I hope to join Joan on some of her other stops along her Culinary Tour of the World. Next up is Germany, which is another cuisine I'm not entirely familiar with, so I will have to go forth and research their traditions before attempting a Teutonic feast. One thing is for sure, I am not going to try any fancy cakes!

7 comments:

FOODalogue said...

Oh, dear Rachel, I feel for you. I'm sure it tasted good but I came to terms long ago that baking is too much precision and too much of a mess to clean up in the kitchen that I stay as far away from it as possible. I applaud your effort! Thanks for continuing the journey with me.

Ivy said...

Glad you joined us. We did eat a lot of cabbage, didn't we ;)

As for your dessert, it's the taste that counts and not the appearance.

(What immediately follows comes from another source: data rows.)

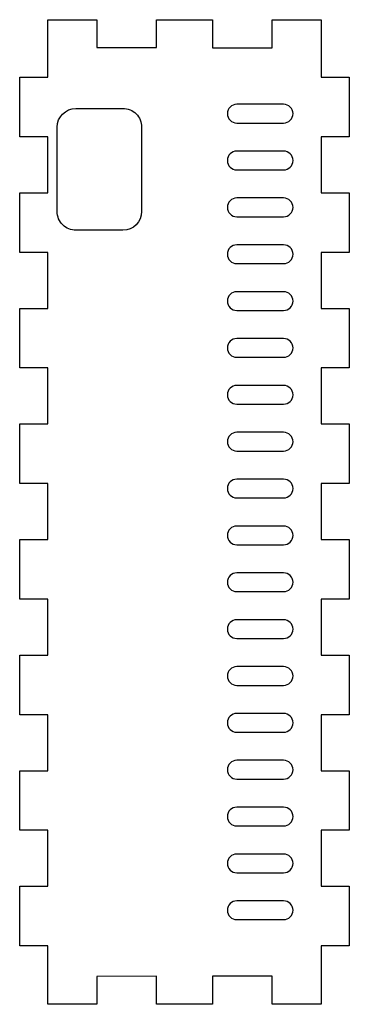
# Model space of a CAD drawing. Header units: millimetres. Extents: x -2 to 34, y -108 to -3.
import ezdxf

# ---------------------------------------------------------------- set-up
doc = ezdxf.new("R2010")
doc.units = ezdxf.units.MM
doc.layers.get('0').update_dxf_attribs({"linetype": 'CONTINUOUS'})

msp = doc.modelspace()

# ---------------------------------------------------------------- linework, layer by layer
msp.add_lwpolyline([(33.52, -94.97), (33.52, -101.32), (30.53, -101.32), (30.53, -107.55), (25.31, -107.55), (25.3, -104.55), (18.95, -104.56), (18.95, -107.56), (12.98, -107.56), (12.98, -104.57), (6.62, -104.58), (6.62, -107.56), (1.4, -107.56), (1.4, -101.32), (-1.59, -101.32), (-1.59, -94.97), (1.4, -94.97), (1.4, -88.99), (-1.59, -88.99), (-1.59, -82.64), (1.4, -82.64), (1.4, -76.66), (-1.59, -76.66), (-1.59, -70.3), (1.4, -70.3), (1.4, -64.33), (-1.59, -64.33), (-1.59, -57.97), (1.4, -57.97), (1.4, -52), (-1.59, -52), (-1.59, -45.64), (1.4, -45.64), (1.4, -39.66), (-1.59, -39.66), (-1.59, -33.31), (1.4, -33.31), (1.4, -27.33), (-1.59, -27.33), (-1.59, -20.98), (1.4, -20.98), (1.4, -15), (-1.59, -15), (-1.59, -8.65), (1.4, -8.65), (1.4, -2.51), (6.62, -2.51), (6.62, -5.47), (12.98, -5.48), (12.98, -2.51), (18.95, -2.51), (18.95, -5.5), (25.31, -5.51), (25.31, -2.51), (30.53, -2.51), (30.53, -8.65), (33.52, -8.65), (33.52, -15), (30.53, -15), (30.53, -20.98), (33.52, -20.98), (33.52, -27.33), (30.53, -27.33), (30.53, -33.31), (33.52, -33.31), (33.52, -39.66), (30.53, -39.66), (30.53, -45.64), (33.52, -45.64), (33.52, -52), (30.53, -52), (30.53, -57.97), (33.52, -57.97), (33.52, -64.33), (30.53, -64.33), (30.53, -70.3), (33.52, -70.3), (33.52, -76.66), (30.53, -76.66), (30.53, -82.64), (33.52, -82.64), (33.52, -88.99), (30.53, -88.99), (30.53, -94.97)], close=True)
for points in [[(26.53, -11.53), (21.53, -11.53, 1), (21.53, -13.53), (26.53, -13.53, 1)], [(4.41, -24.98, -0.415158), (2.4, -22.98), (2.4, -13.98, -0.41327), (4.39, -11.98), (9.39, -11.97, -0.415158), (11.4, -13.97), (11.4, -22.97, -0.41327), (9.41, -24.97)], [(21.53, -18.53), (26.53, -18.53, 1), (26.53, -16.53), (21.53, -16.53, 1)], [(21.53, -23.53), (26.53, -23.53, 1), (26.53, -21.53), (21.53, -21.53, 1)], [(21.53, -28.53), (26.53, -28.53, 1), (26.53, -26.53), (21.53, -26.53, 1)], [(21.53, -33.53), (26.53, -33.53, 1), (26.53, -31.53), (21.53, -31.53, 1)], [(21.53, -38.53), (26.53, -38.53, 1), (26.53, -36.53), (21.53, -36.53, 1)], [(21.53, -43.53), (26.53, -43.53, 1), (26.53, -41.53), (21.53, -41.53, 1)], [(21.53, -48.53), (26.53, -48.53, 1), (26.53, -46.53), (21.53, -46.53, 1)], [(21.53, -53.53), (26.53, -53.53, 1), (26.53, -51.53), (21.53, -51.53, 1)], [(21.53, -58.53), (26.53, -58.53, 1), (26.53, -56.53), (21.53, -56.53, 1)], [(21.53, -63.53), (26.53, -63.53, 1), (26.53, -61.53), (21.53, -61.53, 1)], [(21.53, -68.53), (26.53, -68.53, 1), (26.53, -66.53), (21.53, -66.53, 1)], [(21.53, -73.53), (26.53, -73.53, 1), (26.53, -71.53), (21.53, -71.53, 1)], [(21.53, -78.53), (26.53, -78.53, 1), (26.53, -76.53), (21.53, -76.53, 1)], [(21.53, -83.53), (26.53, -83.53, 1), (26.53, -81.53), (21.53, -81.53, 1)], [(21.53, -88.53), (26.53, -88.53, 1), (26.53, -86.53), (21.53, -86.53, 1)], [(21.53, -93.53), (26.53, -93.53, 1), (26.53, -91.53), (21.53, -91.53, 1)], [(21.53, -98.53), (26.53, -98.53, 1), (26.53, -96.53), (21.53, -96.53, 1)]]:
    msp.add_lwpolyline(points, format="xyb", close=True)

doc.saveas('drawing.dxf')

With a little practice, that can be improved. Rendezvous a Paris.

Anonymous said...

Sounds like my experience with the last Daring Baker yule log. A painful memory. But I'm sure it tasted great!

-Sea

Amy said...

Haha, I gave up on cakes when I tried to make a simple chocolate cake for my daughters birthday a few years ago. I put it into separate silicone molds (a teddy, a love heart and a butterfly). What I ended up with was a delicious bunch of chocolate crumbs, they just refused to come out of the pans! Yours is at least in one piece and despite being a little "lumpy" looks like it'd taste fantastic (and that's what matters the most! I never cared what my food looked like before blogging :P)

brii said...

ciaooo rachel!!!
wait for me I'm coming too :)))
this is great!
I love cabbage!!
baciussss

Arlene Delloro said...

Why, Rachel, they're nearly identical! What are you talking about? Seriously, it's all in the taste. I just finished an article in Self magazine by Abu-Jaber. In it, she speaks of the "feeding out of hand" that was so much a part of her father's culture and how her American-born mother, sensing her growing discomfort with it, finally said, "NO" to one of her uncles.

I love pierogies and stuffed cabbage. If I didn't already have this week's menus planned, I'd make one.

Anonymous said...

You've picked a whole lot of yummy looking dishes here!